BUG (string dtype): replace() value in string column with non-string should cast to object dtype instead of raising an error · Issue #60282 · pandas-dev/pandas (original) (raw)

For all other dtypes (I think, just checked with the one below), if the value to replace with in replace() doesn't fit into the calling series, then we "upcast" to object dtype and then do the replacement anyway.

Simple example with an integer series:

ser = pd.Series([1, 2]) ser.replace(1, "str") 0 str 1 2 dtype: object

However, for the future string dtype, and then trying to replace a value with a non-string, we do not cast to object dtype currently, but raise instead:

pd.options.future.infer_string = True ser = pd.Series(["a", "b"]) ser.replace("a", 1) ... File ~/scipy/repos/pandas/pandas/core/internals/blocks.py:713, in Block.replace(self, to_replace, value, inplace, mask) 709 elif self._can_hold_element(value): 710 # TODO(CoW): Maybe split here as well into columns where mask has True 711 # and rest? 712 blk = self._maybe_copy(inplace) --> 713 putmask_inplace(blk.values, mask, value) 714 return [blk] 716 elif self.ndim == 1 or self.shape[0] == 1: ...

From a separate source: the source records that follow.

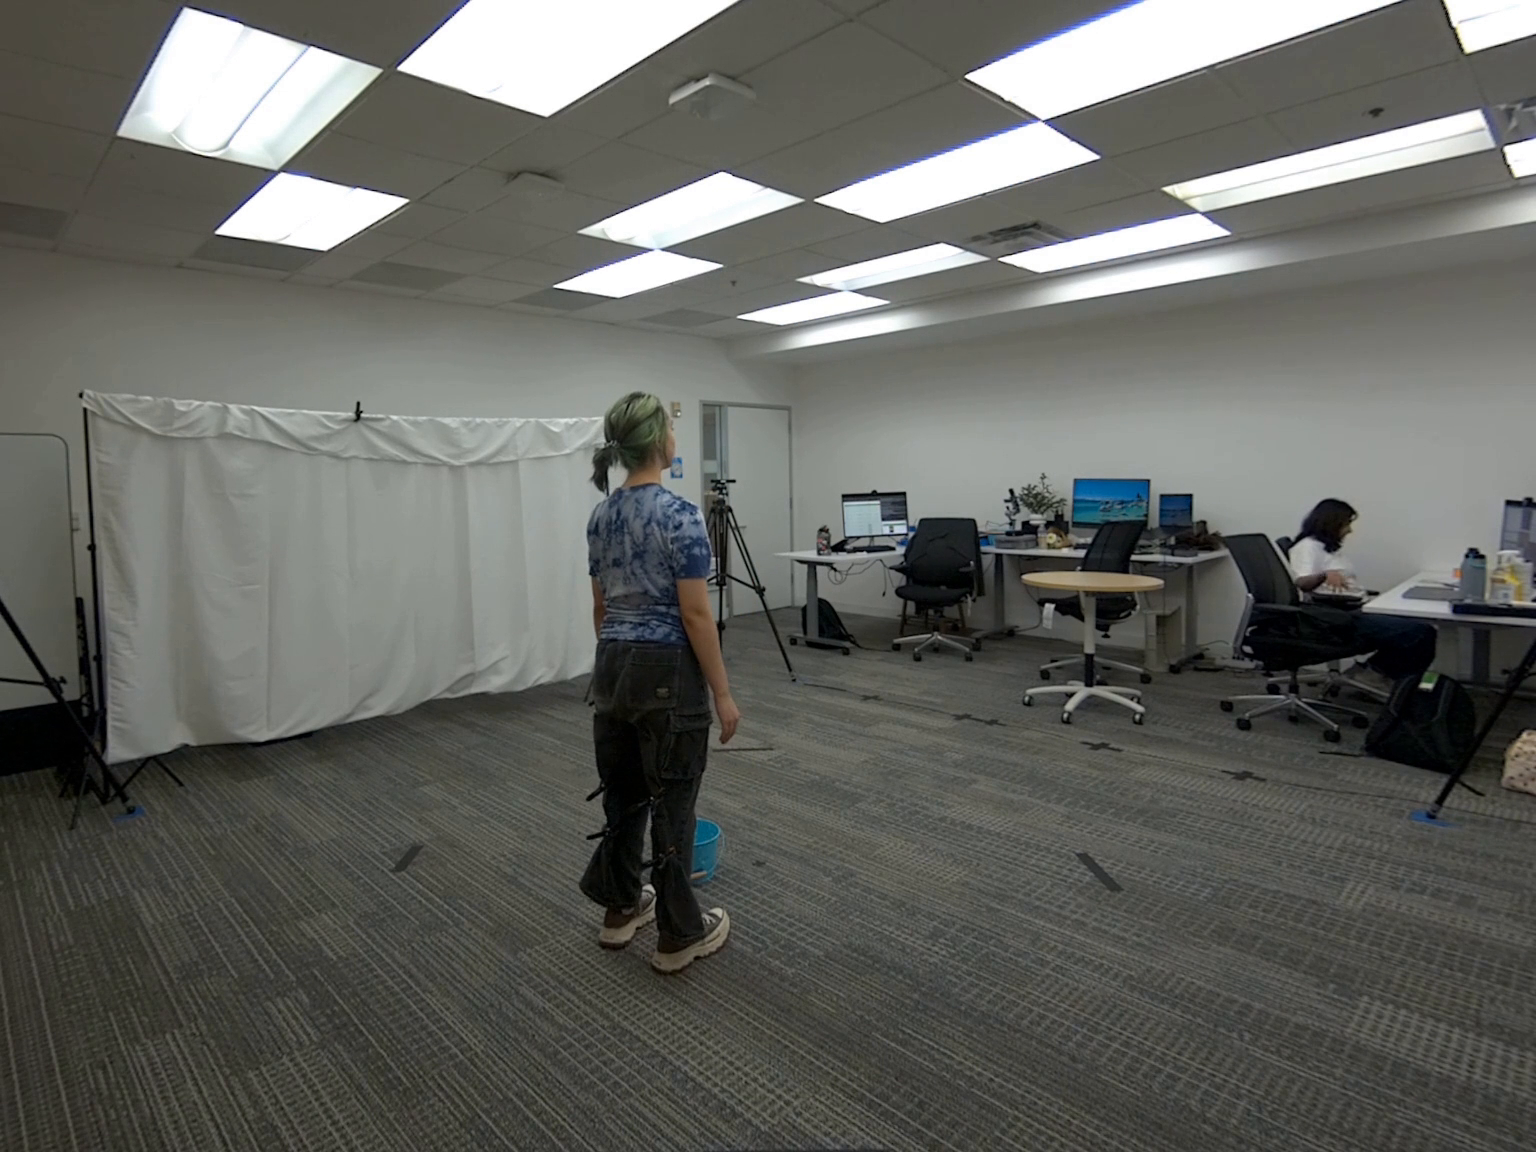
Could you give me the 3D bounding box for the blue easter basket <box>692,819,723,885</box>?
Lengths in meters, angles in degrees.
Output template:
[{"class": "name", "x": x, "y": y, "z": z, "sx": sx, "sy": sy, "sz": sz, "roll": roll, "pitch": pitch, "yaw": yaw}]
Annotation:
[{"class": "blue easter basket", "x": -0.284, "y": 0.981, "z": 3.040, "sx": 0.243, "sy": 0.155, "sz": 0.245, "roll": -1, "pitch": 5, "yaw": -2}]

File ~/scipy/repos/pandas/pandas/core/arrays/string_.py:746, in setitem(self, key, value) ... TypeError: Invalid value '1' for dtype 'str'. Value should be a string or missing value, got 'int' instead.

Making replace() strict (preserve dtype) in general is a much bigger topic, so I think for now we should just keep the current behaviour of upcasting to object dtype when needed.